After tax portion of 407k rollover

How does one deal with the after tax portion of a 401k rollover? Can this amount be used to create a Roth IRA? Are there dollar amount limits? The amount of after tax contributions to the 401k are over $40k.



Prior to this year, the employee had a choice between taking the after tax amount as tax free cash or rolling it into an IRA and filing Form 8606 to document the added basis of the IRA.

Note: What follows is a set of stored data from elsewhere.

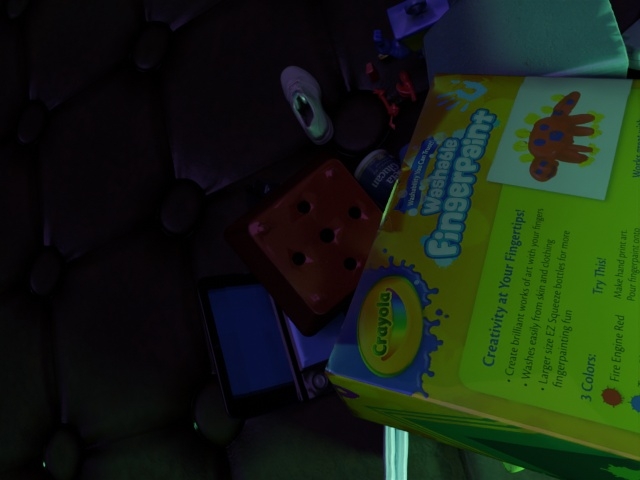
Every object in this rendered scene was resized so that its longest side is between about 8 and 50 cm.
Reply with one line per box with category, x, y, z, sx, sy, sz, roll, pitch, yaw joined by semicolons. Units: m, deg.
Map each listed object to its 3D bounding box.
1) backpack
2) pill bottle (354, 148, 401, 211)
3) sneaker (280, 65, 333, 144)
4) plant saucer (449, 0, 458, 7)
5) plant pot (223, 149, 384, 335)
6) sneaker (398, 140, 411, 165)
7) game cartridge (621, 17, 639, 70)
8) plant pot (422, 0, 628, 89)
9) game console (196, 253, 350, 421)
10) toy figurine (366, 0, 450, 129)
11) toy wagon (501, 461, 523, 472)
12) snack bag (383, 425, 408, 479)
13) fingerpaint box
backpack;-0.057;-0.065;1.100;0.182;0.115;0.151;-12;87;22
pill bottle;0.152;-0.094;1.013;0.169;0.094;0.094;44;101;26
sneaker;-0.041;-0.314;1.150;0.080;0.094;0.212;-34;67;18
plant saucer;0.217;-0.540;1.110;0.192;0.018;0.067;36;97;26
plant pot;0.000;0.000;0.906;0.267;0.236;0.267;-39;90;-5
sneaker;0.251;-0.206;0.983;0.232;0.081;0.090;-19;58;3
game cartridge;0.623;-0.311;0.769;0.196;0.060;0.294;-44;37;3
plant pot;0.301;-0.259;0.827;0.253;0.248;0.247;-9;64;18
game console;-0.069;0.170;1.028;0.250;0.173;0.293;-26;71;20
toy figurine;0.230;-0.376;0.960;0.363;0.217;0.191;-15;74;24
toy wagon;0.238;0.197;0.774;0.068;0.344;0.267;-34;67;16
snack bag;0.128;0.220;0.840;0.037;0.323;0.342;2;81;11
fingerpaint box;0.261;0.021;0.596;0.371;0.163;0.444;9;59;23

However, under the PPA, a direct Roth conversion can be done starting this year. These funds to not have to get to the Roth through a TIRA and can be transferred directly to a Roth IRA. The 100,000 income limits apply to all conversion methods until 2010. What has not been fully clarified by the IRS is whether the pre tax portion can be transferred to a TIRA and the after tax portion to a Roth IRA. There is no particular reason this cannot be done, but an employer plan does not have to offer multiple transfer destinations. For someone with 40k of after tax contributions, it is worth waiting to determine if this can be done, and in order to get the after tax funds to a Roth faster with the least amount of conversion taxes, it may even be worth waiting another 18 months until 2010 if the income limit prevents earlier conversion.

If the after tax contributions include pre 1987 amounts, it may also be possible to transfer them FIRST to the Roth, again subject to the income limits.